Yoksula yedirmediğin sürece cennetin kapılarından giremezsin…
Dünyada bu kadar yoksulu görmezden gelip mallarına mal katma derdinde olanlar var...

Kuran’da yoksul olanların, muhtaç olanların, fakirlerin korunup kollanması ile ilgili yüzlerce ayet var. İnsanların çoğu bu ayetleri görmezden gelip kendi nefisleri için yaşamaya devam ediyor. Çevresinde onca yoksul varken onları yedirmeye, giydirmeye, onların bakımını sağlamaya hiçbir şekilde talip olmuyorlar. Hayatları yalnızca kendi istekleri üzerine kurulu olduğundan kirlenmiş bir vicdanla hayatlarına devam ediyor, mallarına mal katıp bundan büyük mutluluk duyuyorlar. Oysa Kuran mutlaka insanların mallarında yoksulların hakları olduğunu söylüyor:
“Yoksula yemek vermeye destekçi olmazdı.”

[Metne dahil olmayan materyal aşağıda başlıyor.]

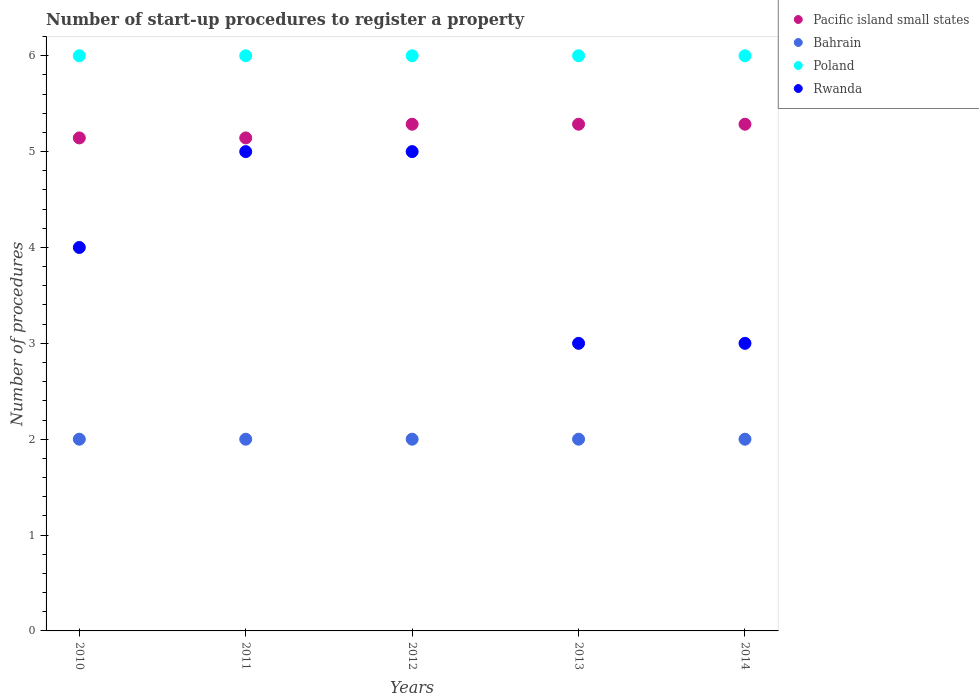Is the number of dotlines equal to the number of legend labels?
Provide a succinct answer. Yes. What is the number of procedures required to register a property in Bahrain in 2012?
Your answer should be compact. 2. Across all years, what is the minimum number of procedures required to register a property in Rwanda?
Your answer should be very brief. 3. What is the total number of procedures required to register a property in Rwanda in the graph?
Provide a succinct answer. 20. What is the difference between the number of procedures required to register a property in Pacific island small states in 2010 and that in 2012?
Give a very brief answer. -0.14. What is the difference between the number of procedures required to register a property in Rwanda in 2014 and the number of procedures required to register a property in Bahrain in 2012?
Provide a short and direct response. 1. In how many years, is the number of procedures required to register a property in Rwanda greater than 2?
Give a very brief answer. 5. What is the ratio of the number of procedures required to register a property in Pacific island small states in 2011 to that in 2013?
Keep it short and to the point. 0.97. Is the number of procedures required to register a property in Rwanda in 2010 less than that in 2012?
Give a very brief answer. Yes. What is the difference between the highest and the lowest number of procedures required to register a property in Rwanda?
Offer a very short reply. 2. In how many years, is the number of procedures required to register a property in Poland greater than the average number of procedures required to register a property in Poland taken over all years?
Provide a succinct answer. 0. Is it the case that in every year, the sum of the number of procedures required to register a property in Rwanda and number of procedures required to register a property in Pacific island small states  is greater than the number of procedures required to register a property in Poland?
Your response must be concise. Yes. Does the number of procedures required to register a property in Poland monotonically increase over the years?
Keep it short and to the point. No. Is the number of procedures required to register a property in Bahrain strictly greater than the number of procedures required to register a property in Pacific island small states over the years?
Your answer should be compact. No. Is the number of procedures required to register a property in Bahrain strictly less than the number of procedures required to register a property in Poland over the years?
Ensure brevity in your answer.  Yes. How many years are there in the graph?
Give a very brief answer. 5. Are the values on the major ticks of Y-axis written in scientific E-notation?
Ensure brevity in your answer.  No. Does the graph contain any zero values?
Keep it short and to the point. No. Does the graph contain grids?
Offer a terse response. No. Where does the legend appear in the graph?
Offer a terse response. Top right. How many legend labels are there?
Offer a terse response. 4. What is the title of the graph?
Offer a terse response. Number of start-up procedures to register a property. Does "New Caledonia" appear as one of the legend labels in the graph?
Your answer should be very brief. No. What is the label or title of the X-axis?
Your response must be concise. Years. What is the label or title of the Y-axis?
Offer a terse response. Number of procedures. What is the Number of procedures in Pacific island small states in 2010?
Offer a very short reply. 5.14. What is the Number of procedures in Bahrain in 2010?
Your answer should be very brief. 2. What is the Number of procedures of Rwanda in 2010?
Give a very brief answer. 4. What is the Number of procedures in Pacific island small states in 2011?
Provide a succinct answer. 5.14. What is the Number of procedures of Rwanda in 2011?
Make the answer very short. 5. What is the Number of procedures of Pacific island small states in 2012?
Offer a very short reply. 5.29. What is the Number of procedures in Pacific island small states in 2013?
Provide a short and direct response. 5.29. What is the Number of procedures of Pacific island small states in 2014?
Provide a short and direct response. 5.29. What is the Number of procedures in Poland in 2014?
Keep it short and to the point. 6. Across all years, what is the maximum Number of procedures of Pacific island small states?
Your answer should be compact. 5.29. Across all years, what is the maximum Number of procedures of Bahrain?
Give a very brief answer. 2. Across all years, what is the minimum Number of procedures in Pacific island small states?
Your answer should be compact. 5.14. Across all years, what is the minimum Number of procedures of Rwanda?
Offer a terse response. 3. What is the total Number of procedures in Pacific island small states in the graph?
Give a very brief answer. 26.14. What is the total Number of procedures in Bahrain in the graph?
Offer a terse response. 10. What is the difference between the Number of procedures in Pacific island small states in 2010 and that in 2011?
Make the answer very short. 0. What is the difference between the Number of procedures in Rwanda in 2010 and that in 2011?
Your answer should be very brief. -1. What is the difference between the Number of procedures of Pacific island small states in 2010 and that in 2012?
Offer a very short reply. -0.14. What is the difference between the Number of procedures of Bahrain in 2010 and that in 2012?
Offer a terse response. 0. What is the difference between the Number of procedures of Poland in 2010 and that in 2012?
Ensure brevity in your answer.  0. What is the difference between the Number of procedures in Rwanda in 2010 and that in 2012?
Provide a short and direct response. -1. What is the difference between the Number of procedures in Pacific island small states in 2010 and that in 2013?
Make the answer very short. -0.14. What is the difference between the Number of procedures in Rwanda in 2010 and that in 2013?
Give a very brief answer. 1. What is the difference between the Number of procedures of Pacific island small states in 2010 and that in 2014?
Provide a short and direct response. -0.14. What is the difference between the Number of procedures of Bahrain in 2010 and that in 2014?
Your response must be concise. 0. What is the difference between the Number of procedures of Pacific island small states in 2011 and that in 2012?
Ensure brevity in your answer.  -0.14. What is the difference between the Number of procedures of Bahrain in 2011 and that in 2012?
Provide a short and direct response. 0. What is the difference between the Number of procedures of Rwanda in 2011 and that in 2012?
Provide a short and direct response. 0. What is the difference between the Number of procedures of Pacific island small states in 2011 and that in 2013?
Give a very brief answer. -0.14. What is the difference between the Number of procedures of Bahrain in 2011 and that in 2013?
Your answer should be compact. 0. What is the difference between the Number of procedures of Rwanda in 2011 and that in 2013?
Your response must be concise. 2. What is the difference between the Number of procedures in Pacific island small states in 2011 and that in 2014?
Provide a short and direct response. -0.14. What is the difference between the Number of procedures of Rwanda in 2011 and that in 2014?
Make the answer very short. 2. What is the difference between the Number of procedures of Bahrain in 2012 and that in 2013?
Make the answer very short. 0. What is the difference between the Number of procedures of Pacific island small states in 2012 and that in 2014?
Your answer should be very brief. 0. What is the difference between the Number of procedures of Pacific island small states in 2013 and that in 2014?
Your answer should be compact. 0. What is the difference between the Number of procedures in Pacific island small states in 2010 and the Number of procedures in Bahrain in 2011?
Keep it short and to the point. 3.14. What is the difference between the Number of procedures of Pacific island small states in 2010 and the Number of procedures of Poland in 2011?
Offer a very short reply. -0.86. What is the difference between the Number of procedures in Pacific island small states in 2010 and the Number of procedures in Rwanda in 2011?
Give a very brief answer. 0.14. What is the difference between the Number of procedures in Pacific island small states in 2010 and the Number of procedures in Bahrain in 2012?
Offer a terse response. 3.14. What is the difference between the Number of procedures in Pacific island small states in 2010 and the Number of procedures in Poland in 2012?
Offer a very short reply. -0.86. What is the difference between the Number of procedures of Pacific island small states in 2010 and the Number of procedures of Rwanda in 2012?
Make the answer very short. 0.14. What is the difference between the Number of procedures of Bahrain in 2010 and the Number of procedures of Poland in 2012?
Provide a succinct answer. -4. What is the difference between the Number of procedures of Bahrain in 2010 and the Number of procedures of Rwanda in 2012?
Your answer should be very brief. -3. What is the difference between the Number of procedures in Poland in 2010 and the Number of procedures in Rwanda in 2012?
Make the answer very short. 1. What is the difference between the Number of procedures of Pacific island small states in 2010 and the Number of procedures of Bahrain in 2013?
Make the answer very short. 3.14. What is the difference between the Number of procedures in Pacific island small states in 2010 and the Number of procedures in Poland in 2013?
Your response must be concise. -0.86. What is the difference between the Number of procedures in Pacific island small states in 2010 and the Number of procedures in Rwanda in 2013?
Your answer should be compact. 2.14. What is the difference between the Number of procedures in Bahrain in 2010 and the Number of procedures in Poland in 2013?
Provide a succinct answer. -4. What is the difference between the Number of procedures of Pacific island small states in 2010 and the Number of procedures of Bahrain in 2014?
Your answer should be compact. 3.14. What is the difference between the Number of procedures in Pacific island small states in 2010 and the Number of procedures in Poland in 2014?
Provide a short and direct response. -0.86. What is the difference between the Number of procedures of Pacific island small states in 2010 and the Number of procedures of Rwanda in 2014?
Your answer should be very brief. 2.14. What is the difference between the Number of procedures of Bahrain in 2010 and the Number of procedures of Poland in 2014?
Give a very brief answer. -4. What is the difference between the Number of procedures of Bahrain in 2010 and the Number of procedures of Rwanda in 2014?
Provide a succinct answer. -1. What is the difference between the Number of procedures in Pacific island small states in 2011 and the Number of procedures in Bahrain in 2012?
Provide a succinct answer. 3.14. What is the difference between the Number of procedures in Pacific island small states in 2011 and the Number of procedures in Poland in 2012?
Your answer should be compact. -0.86. What is the difference between the Number of procedures of Pacific island small states in 2011 and the Number of procedures of Rwanda in 2012?
Make the answer very short. 0.14. What is the difference between the Number of procedures of Pacific island small states in 2011 and the Number of procedures of Bahrain in 2013?
Your response must be concise. 3.14. What is the difference between the Number of procedures of Pacific island small states in 2011 and the Number of procedures of Poland in 2013?
Make the answer very short. -0.86. What is the difference between the Number of procedures of Pacific island small states in 2011 and the Number of procedures of Rwanda in 2013?
Your answer should be compact. 2.14. What is the difference between the Number of procedures in Bahrain in 2011 and the Number of procedures in Poland in 2013?
Your answer should be very brief. -4. What is the difference between the Number of procedures of Bahrain in 2011 and the Number of procedures of Rwanda in 2013?
Give a very brief answer. -1. What is the difference between the Number of procedures in Pacific island small states in 2011 and the Number of procedures in Bahrain in 2014?
Make the answer very short. 3.14. What is the difference between the Number of procedures in Pacific island small states in 2011 and the Number of procedures in Poland in 2014?
Your answer should be compact. -0.86. What is the difference between the Number of procedures in Pacific island small states in 2011 and the Number of procedures in Rwanda in 2014?
Your answer should be compact. 2.14. What is the difference between the Number of procedures of Bahrain in 2011 and the Number of procedures of Poland in 2014?
Give a very brief answer. -4. What is the difference between the Number of procedures in Bahrain in 2011 and the Number of procedures in Rwanda in 2014?
Your answer should be compact. -1. What is the difference between the Number of procedures in Pacific island small states in 2012 and the Number of procedures in Bahrain in 2013?
Your answer should be very brief. 3.29. What is the difference between the Number of procedures in Pacific island small states in 2012 and the Number of procedures in Poland in 2013?
Your response must be concise. -0.71. What is the difference between the Number of procedures in Pacific island small states in 2012 and the Number of procedures in Rwanda in 2013?
Keep it short and to the point. 2.29. What is the difference between the Number of procedures in Bahrain in 2012 and the Number of procedures in Rwanda in 2013?
Offer a terse response. -1. What is the difference between the Number of procedures in Poland in 2012 and the Number of procedures in Rwanda in 2013?
Provide a succinct answer. 3. What is the difference between the Number of procedures of Pacific island small states in 2012 and the Number of procedures of Bahrain in 2014?
Make the answer very short. 3.29. What is the difference between the Number of procedures in Pacific island small states in 2012 and the Number of procedures in Poland in 2014?
Your response must be concise. -0.71. What is the difference between the Number of procedures of Pacific island small states in 2012 and the Number of procedures of Rwanda in 2014?
Provide a succinct answer. 2.29. What is the difference between the Number of procedures of Bahrain in 2012 and the Number of procedures of Poland in 2014?
Your answer should be compact. -4. What is the difference between the Number of procedures of Bahrain in 2012 and the Number of procedures of Rwanda in 2014?
Your answer should be very brief. -1. What is the difference between the Number of procedures of Poland in 2012 and the Number of procedures of Rwanda in 2014?
Your answer should be very brief. 3. What is the difference between the Number of procedures in Pacific island small states in 2013 and the Number of procedures in Bahrain in 2014?
Your response must be concise. 3.29. What is the difference between the Number of procedures in Pacific island small states in 2013 and the Number of procedures in Poland in 2014?
Your answer should be very brief. -0.71. What is the difference between the Number of procedures of Pacific island small states in 2013 and the Number of procedures of Rwanda in 2014?
Make the answer very short. 2.29. What is the average Number of procedures in Pacific island small states per year?
Give a very brief answer. 5.23. What is the average Number of procedures of Bahrain per year?
Your response must be concise. 2. What is the average Number of procedures in Poland per year?
Keep it short and to the point. 6. In the year 2010, what is the difference between the Number of procedures in Pacific island small states and Number of procedures in Bahrain?
Your response must be concise. 3.14. In the year 2010, what is the difference between the Number of procedures in Pacific island small states and Number of procedures in Poland?
Provide a succinct answer. -0.86. In the year 2010, what is the difference between the Number of procedures of Bahrain and Number of procedures of Rwanda?
Keep it short and to the point. -2. In the year 2011, what is the difference between the Number of procedures in Pacific island small states and Number of procedures in Bahrain?
Your answer should be very brief. 3.14. In the year 2011, what is the difference between the Number of procedures in Pacific island small states and Number of procedures in Poland?
Make the answer very short. -0.86. In the year 2011, what is the difference between the Number of procedures in Pacific island small states and Number of procedures in Rwanda?
Give a very brief answer. 0.14. In the year 2011, what is the difference between the Number of procedures of Bahrain and Number of procedures of Poland?
Your answer should be very brief. -4. In the year 2012, what is the difference between the Number of procedures in Pacific island small states and Number of procedures in Bahrain?
Provide a succinct answer. 3.29. In the year 2012, what is the difference between the Number of procedures in Pacific island small states and Number of procedures in Poland?
Offer a terse response. -0.71. In the year 2012, what is the difference between the Number of procedures of Pacific island small states and Number of procedures of Rwanda?
Offer a very short reply. 0.29. In the year 2013, what is the difference between the Number of procedures of Pacific island small states and Number of procedures of Bahrain?
Your response must be concise. 3.29. In the year 2013, what is the difference between the Number of procedures of Pacific island small states and Number of procedures of Poland?
Give a very brief answer. -0.71. In the year 2013, what is the difference between the Number of procedures of Pacific island small states and Number of procedures of Rwanda?
Offer a very short reply. 2.29. In the year 2013, what is the difference between the Number of procedures in Bahrain and Number of procedures in Poland?
Your answer should be compact. -4. In the year 2013, what is the difference between the Number of procedures in Poland and Number of procedures in Rwanda?
Make the answer very short. 3. In the year 2014, what is the difference between the Number of procedures of Pacific island small states and Number of procedures of Bahrain?
Your answer should be very brief. 3.29. In the year 2014, what is the difference between the Number of procedures of Pacific island small states and Number of procedures of Poland?
Make the answer very short. -0.71. In the year 2014, what is the difference between the Number of procedures of Pacific island small states and Number of procedures of Rwanda?
Offer a very short reply. 2.29. In the year 2014, what is the difference between the Number of procedures in Bahrain and Number of procedures in Poland?
Your answer should be very brief. -4. In the year 2014, what is the difference between the Number of procedures in Poland and Number of procedures in Rwanda?
Make the answer very short. 3. What is the ratio of the Number of procedures of Bahrain in 2010 to that in 2011?
Your answer should be compact. 1. What is the ratio of the Number of procedures of Poland in 2010 to that in 2011?
Your answer should be compact. 1. What is the ratio of the Number of procedures of Rwanda in 2010 to that in 2011?
Provide a succinct answer. 0.8. What is the ratio of the Number of procedures in Pacific island small states in 2010 to that in 2012?
Provide a succinct answer. 0.97. What is the ratio of the Number of procedures in Bahrain in 2010 to that in 2012?
Make the answer very short. 1. What is the ratio of the Number of procedures of Poland in 2010 to that in 2012?
Offer a very short reply. 1. What is the ratio of the Number of procedures in Rwanda in 2010 to that in 2012?
Give a very brief answer. 0.8. What is the ratio of the Number of procedures of Bahrain in 2010 to that in 2013?
Ensure brevity in your answer.  1. What is the ratio of the Number of procedures of Poland in 2010 to that in 2013?
Your answer should be very brief. 1. What is the ratio of the Number of procedures of Rwanda in 2010 to that in 2013?
Keep it short and to the point. 1.33. What is the ratio of the Number of procedures of Pacific island small states in 2010 to that in 2014?
Offer a terse response. 0.97. What is the ratio of the Number of procedures in Poland in 2010 to that in 2014?
Keep it short and to the point. 1. What is the ratio of the Number of procedures in Bahrain in 2011 to that in 2012?
Make the answer very short. 1. What is the ratio of the Number of procedures of Poland in 2011 to that in 2012?
Keep it short and to the point. 1. What is the ratio of the Number of procedures in Rwanda in 2011 to that in 2012?
Make the answer very short. 1. What is the ratio of the Number of procedures in Pacific island small states in 2011 to that in 2013?
Your answer should be very brief. 0.97. What is the ratio of the Number of procedures in Bahrain in 2011 to that in 2013?
Provide a succinct answer. 1. What is the ratio of the Number of procedures of Pacific island small states in 2011 to that in 2014?
Your answer should be compact. 0.97. What is the ratio of the Number of procedures of Poland in 2011 to that in 2014?
Your response must be concise. 1. What is the ratio of the Number of procedures of Pacific island small states in 2012 to that in 2013?
Offer a terse response. 1. What is the ratio of the Number of procedures of Poland in 2012 to that in 2013?
Provide a short and direct response. 1. What is the ratio of the Number of procedures of Rwanda in 2012 to that in 2013?
Your response must be concise. 1.67. What is the ratio of the Number of procedures in Bahrain in 2012 to that in 2014?
Give a very brief answer. 1. What is the ratio of the Number of procedures of Rwanda in 2012 to that in 2014?
Keep it short and to the point. 1.67. What is the difference between the highest and the lowest Number of procedures of Pacific island small states?
Give a very brief answer. 0.14. What is the difference between the highest and the lowest Number of procedures of Bahrain?
Provide a succinct answer. 0. What is the difference between the highest and the lowest Number of procedures in Rwanda?
Keep it short and to the point. 2.

“Bundan dolayı bugün, kendisine hiçbir sıcak dost yoktur.” (Hakka Suresi, 34 -35)
Bakın bu ayette iman etmeyen insanların yoksula yemek vermeye destekçi olmadıklarından bahsediliyor. Sadece bu ayet bile dünyada yoksulluğu tamamen ortadan kaldırmaya yeterli bir ayettir. Çünkü kimse böyle bir konuma düşmek istemez. Yoksulu yediren insan onu giydirmekle de, onu barındırmakla da mükelleftir. Ayetin anlamı çok geniştir. Söylediğim gibi insanlar yalnızca bu ayeti uygulasalar dünyada tek bir yoksul kalmaz. Burada Allah yoksula yedirmeyi tüm müminlere şart koşuyor.
Şimdi müminlere “yoksula yediriyor musun” diye sorduğumuzda “evet bir parça yediriyorum” diye cevap veriyorlar. Ama ayetin karşılığı, Allah’ın emrettiği elbette bu değil. Allah burada yoksulların tam anlamıyla korunup kollanmasını emrediyor.
Ve onların mallarında belirli bir hak vardır:
Yoksul ve yoksun olan(lar)için. (Mearic Suresi, 24 -25)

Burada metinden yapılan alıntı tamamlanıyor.